**About this exercise**. Which lines of the data contain the string "right"? Copy every one.

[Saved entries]
----------

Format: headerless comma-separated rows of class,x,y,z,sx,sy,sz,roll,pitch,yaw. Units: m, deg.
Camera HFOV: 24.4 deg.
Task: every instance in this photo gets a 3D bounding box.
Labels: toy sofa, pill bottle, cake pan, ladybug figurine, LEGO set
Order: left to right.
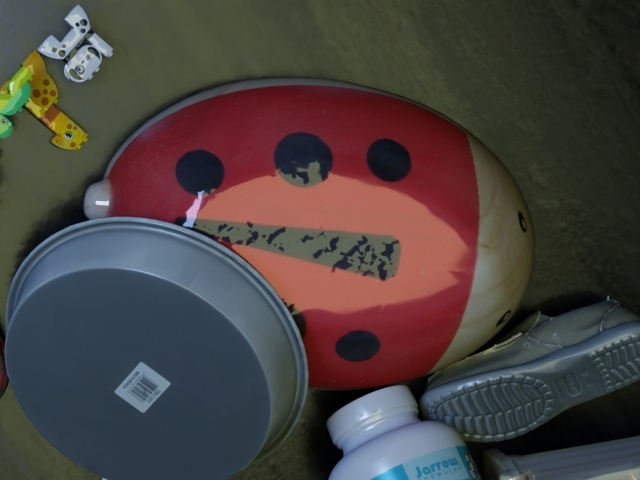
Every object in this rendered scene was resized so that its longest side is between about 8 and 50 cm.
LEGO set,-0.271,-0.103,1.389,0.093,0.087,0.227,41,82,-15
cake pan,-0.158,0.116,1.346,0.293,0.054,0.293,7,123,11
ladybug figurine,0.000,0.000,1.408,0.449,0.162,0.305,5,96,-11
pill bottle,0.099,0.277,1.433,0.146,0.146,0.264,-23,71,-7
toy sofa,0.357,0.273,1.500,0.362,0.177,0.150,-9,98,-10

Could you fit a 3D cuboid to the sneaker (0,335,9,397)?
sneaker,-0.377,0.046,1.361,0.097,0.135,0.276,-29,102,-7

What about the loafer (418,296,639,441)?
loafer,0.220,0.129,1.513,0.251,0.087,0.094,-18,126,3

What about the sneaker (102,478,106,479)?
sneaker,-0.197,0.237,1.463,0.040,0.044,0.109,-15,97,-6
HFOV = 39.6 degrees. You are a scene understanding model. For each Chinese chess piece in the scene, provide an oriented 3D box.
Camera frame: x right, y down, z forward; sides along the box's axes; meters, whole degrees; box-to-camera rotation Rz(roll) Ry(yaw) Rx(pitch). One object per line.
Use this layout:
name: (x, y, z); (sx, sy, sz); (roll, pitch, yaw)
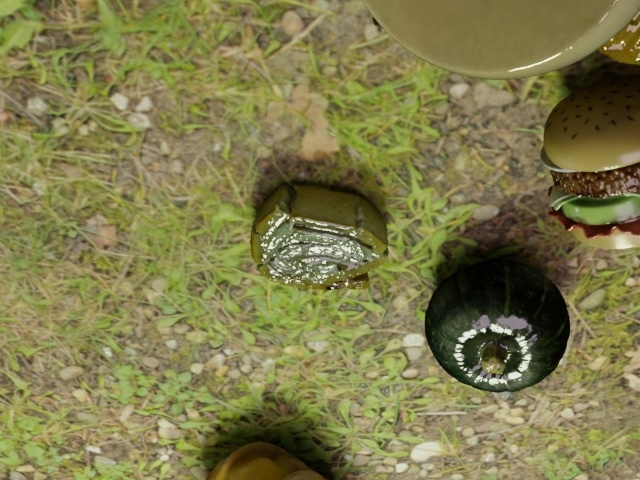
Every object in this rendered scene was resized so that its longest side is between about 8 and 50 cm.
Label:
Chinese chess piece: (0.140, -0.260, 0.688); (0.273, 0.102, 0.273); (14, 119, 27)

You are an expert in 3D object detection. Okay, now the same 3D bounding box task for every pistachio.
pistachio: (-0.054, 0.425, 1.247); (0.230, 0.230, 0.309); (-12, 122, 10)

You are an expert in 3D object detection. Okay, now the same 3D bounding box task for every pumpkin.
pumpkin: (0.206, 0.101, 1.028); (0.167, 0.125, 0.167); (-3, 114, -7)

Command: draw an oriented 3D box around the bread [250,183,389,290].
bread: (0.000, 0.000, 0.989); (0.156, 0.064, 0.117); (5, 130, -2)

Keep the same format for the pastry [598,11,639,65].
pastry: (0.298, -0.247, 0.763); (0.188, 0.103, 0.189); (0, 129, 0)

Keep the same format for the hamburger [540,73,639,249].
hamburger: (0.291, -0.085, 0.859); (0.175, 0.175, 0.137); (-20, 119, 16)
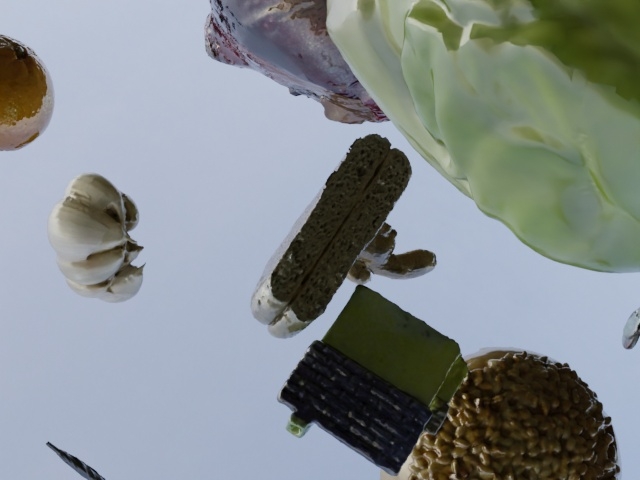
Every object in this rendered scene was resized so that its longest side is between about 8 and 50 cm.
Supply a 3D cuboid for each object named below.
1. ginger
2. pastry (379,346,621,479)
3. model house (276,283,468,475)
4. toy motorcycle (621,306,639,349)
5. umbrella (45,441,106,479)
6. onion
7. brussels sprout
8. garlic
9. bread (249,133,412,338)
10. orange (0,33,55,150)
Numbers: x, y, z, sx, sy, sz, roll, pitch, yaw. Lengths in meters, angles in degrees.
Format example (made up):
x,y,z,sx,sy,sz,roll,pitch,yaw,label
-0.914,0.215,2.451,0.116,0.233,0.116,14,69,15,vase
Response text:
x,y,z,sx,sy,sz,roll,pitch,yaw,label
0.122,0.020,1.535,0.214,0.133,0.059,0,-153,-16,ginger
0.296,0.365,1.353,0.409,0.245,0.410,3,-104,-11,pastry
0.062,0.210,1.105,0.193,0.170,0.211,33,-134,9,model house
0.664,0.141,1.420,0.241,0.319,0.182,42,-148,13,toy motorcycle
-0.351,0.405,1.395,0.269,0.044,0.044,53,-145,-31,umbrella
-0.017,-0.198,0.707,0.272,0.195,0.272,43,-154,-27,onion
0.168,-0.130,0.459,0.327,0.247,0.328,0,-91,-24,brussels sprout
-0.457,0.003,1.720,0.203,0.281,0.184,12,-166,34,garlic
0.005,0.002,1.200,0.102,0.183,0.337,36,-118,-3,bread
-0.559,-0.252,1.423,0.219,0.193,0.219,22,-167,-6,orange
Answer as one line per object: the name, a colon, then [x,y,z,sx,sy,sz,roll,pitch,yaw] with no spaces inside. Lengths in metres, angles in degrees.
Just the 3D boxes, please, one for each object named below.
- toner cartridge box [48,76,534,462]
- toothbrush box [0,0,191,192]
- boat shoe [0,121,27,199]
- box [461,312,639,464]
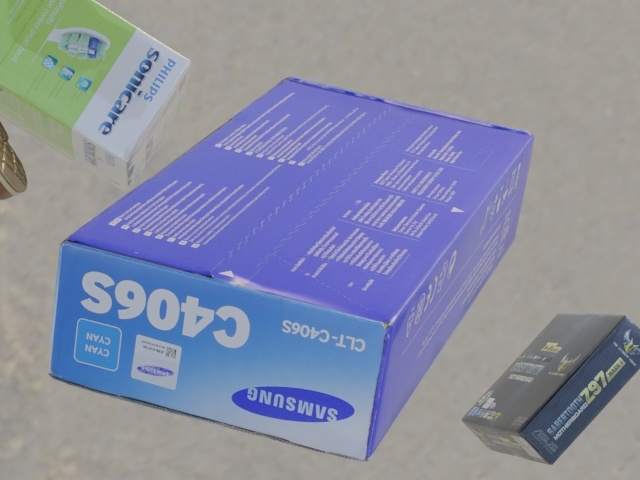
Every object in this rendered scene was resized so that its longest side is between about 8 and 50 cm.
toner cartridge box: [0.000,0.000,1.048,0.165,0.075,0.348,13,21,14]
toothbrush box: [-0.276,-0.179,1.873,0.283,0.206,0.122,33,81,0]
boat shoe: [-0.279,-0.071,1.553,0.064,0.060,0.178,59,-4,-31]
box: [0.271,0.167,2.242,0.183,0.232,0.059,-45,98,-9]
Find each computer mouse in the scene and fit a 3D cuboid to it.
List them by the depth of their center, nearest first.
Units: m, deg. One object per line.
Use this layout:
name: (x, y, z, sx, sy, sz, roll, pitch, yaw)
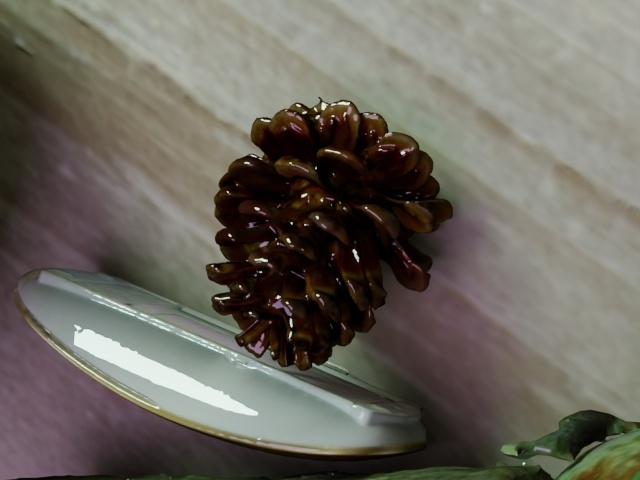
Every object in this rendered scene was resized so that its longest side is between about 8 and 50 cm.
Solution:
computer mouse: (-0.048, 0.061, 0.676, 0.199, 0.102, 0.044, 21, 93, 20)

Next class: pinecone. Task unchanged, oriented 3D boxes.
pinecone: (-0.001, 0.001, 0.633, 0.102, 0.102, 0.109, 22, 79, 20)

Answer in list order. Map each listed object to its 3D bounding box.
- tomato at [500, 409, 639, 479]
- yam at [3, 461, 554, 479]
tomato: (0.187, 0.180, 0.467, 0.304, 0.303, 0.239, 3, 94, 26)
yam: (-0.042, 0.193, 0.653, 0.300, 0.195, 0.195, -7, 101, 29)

----------

**Written solution**.
Order: left to right.
Camera frame: x right, y down, z forward; sides along the box's axes; meters, whole degrees; box-to-camera rotation Rz(roll) Ry(yaw) Rx(pitch). One object per line.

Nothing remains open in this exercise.